GELANG. Salah satu produk kerajinan tangan Fuad Hasan berupa berupa aksesoris gelang dan handstrap kamera dipasarkan melalui sosial media. Selain sebagai ajang wirausaha baginya membuat handycraft merasa memiliki kepuasan tersendiri.

MAJALENGKA-Berbekal sering mengisi waktu luang saat kuliah dengan belajar membuat kerajinan tangan, salah satu pemuda Majalengka yang tergabung di Perupa Majalengka, Fuad Hasan mahir menciptakan karya-karya cantik.

Yakni, berupa aksesoris gelang, handstrap kamera, gantungan kunci dan lanyard. Dengan mengikuti perkembangan era digital iapun kreatif memasarkan handmade buatannya di jejaring sosial media.

Alumni Unsoed tahun 2015 asal Desa Tanjungsari Rt 1 Rw 7 Kecamatan Leuwimunding itu merupakan pegiat kriya yang cukup kreatif.
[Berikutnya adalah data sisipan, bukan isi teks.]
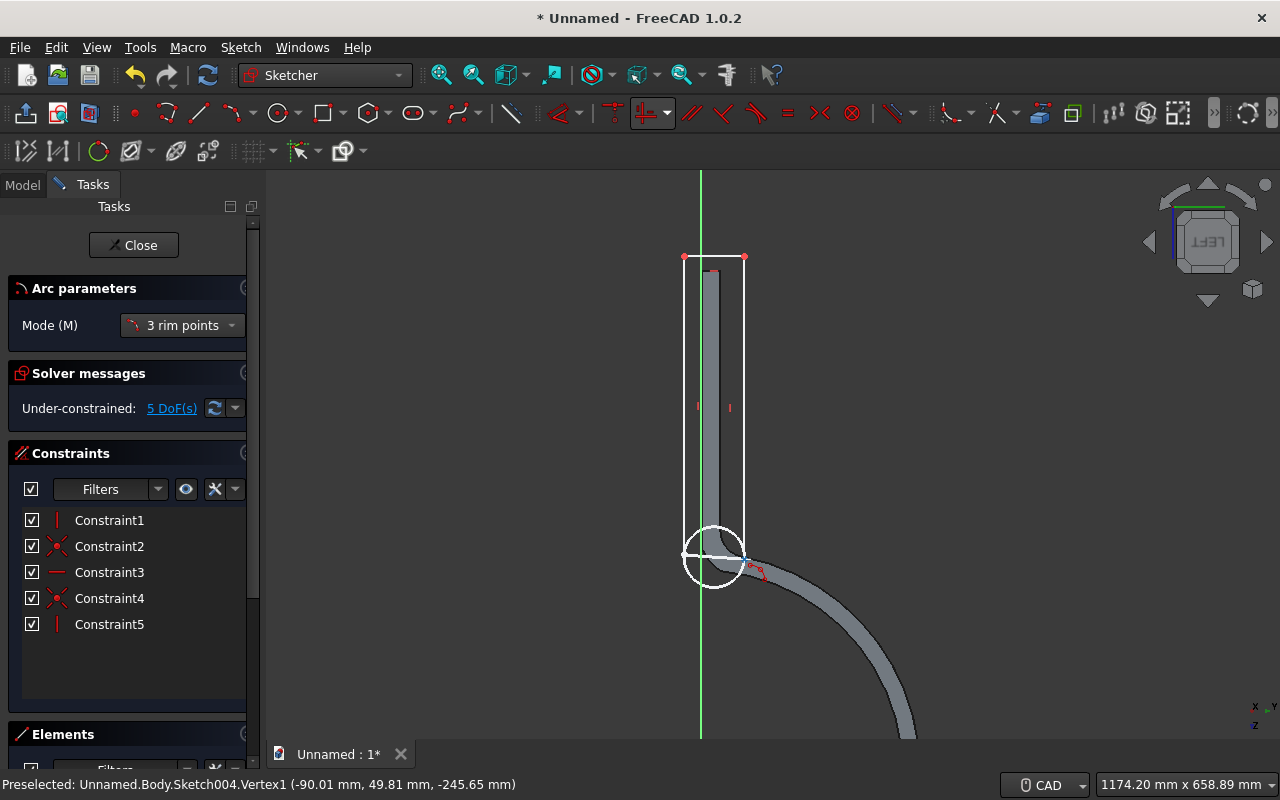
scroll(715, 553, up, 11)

Tidak heran dengan ilmu yang ia dapatkan, karya-karyanya yang ia buat dari Paracord dan tali Prusik, berhasil memikat konsumen di sosmed.

Dijelaskannya, sejauh ini produk yang ia buat masih dikerjakan sendiri dengan bahan baku yang ia dapat dari Bandung. “Awalnya saya belajar autodidak, terus belajar di komumitas se Indonesia namanya Indonesian Paracordist. Dan yang mengerjakan produk-produk ini masih saya sendiri,” ungkap Fuad kepada Rakyat Cirebon, Senin (14/5).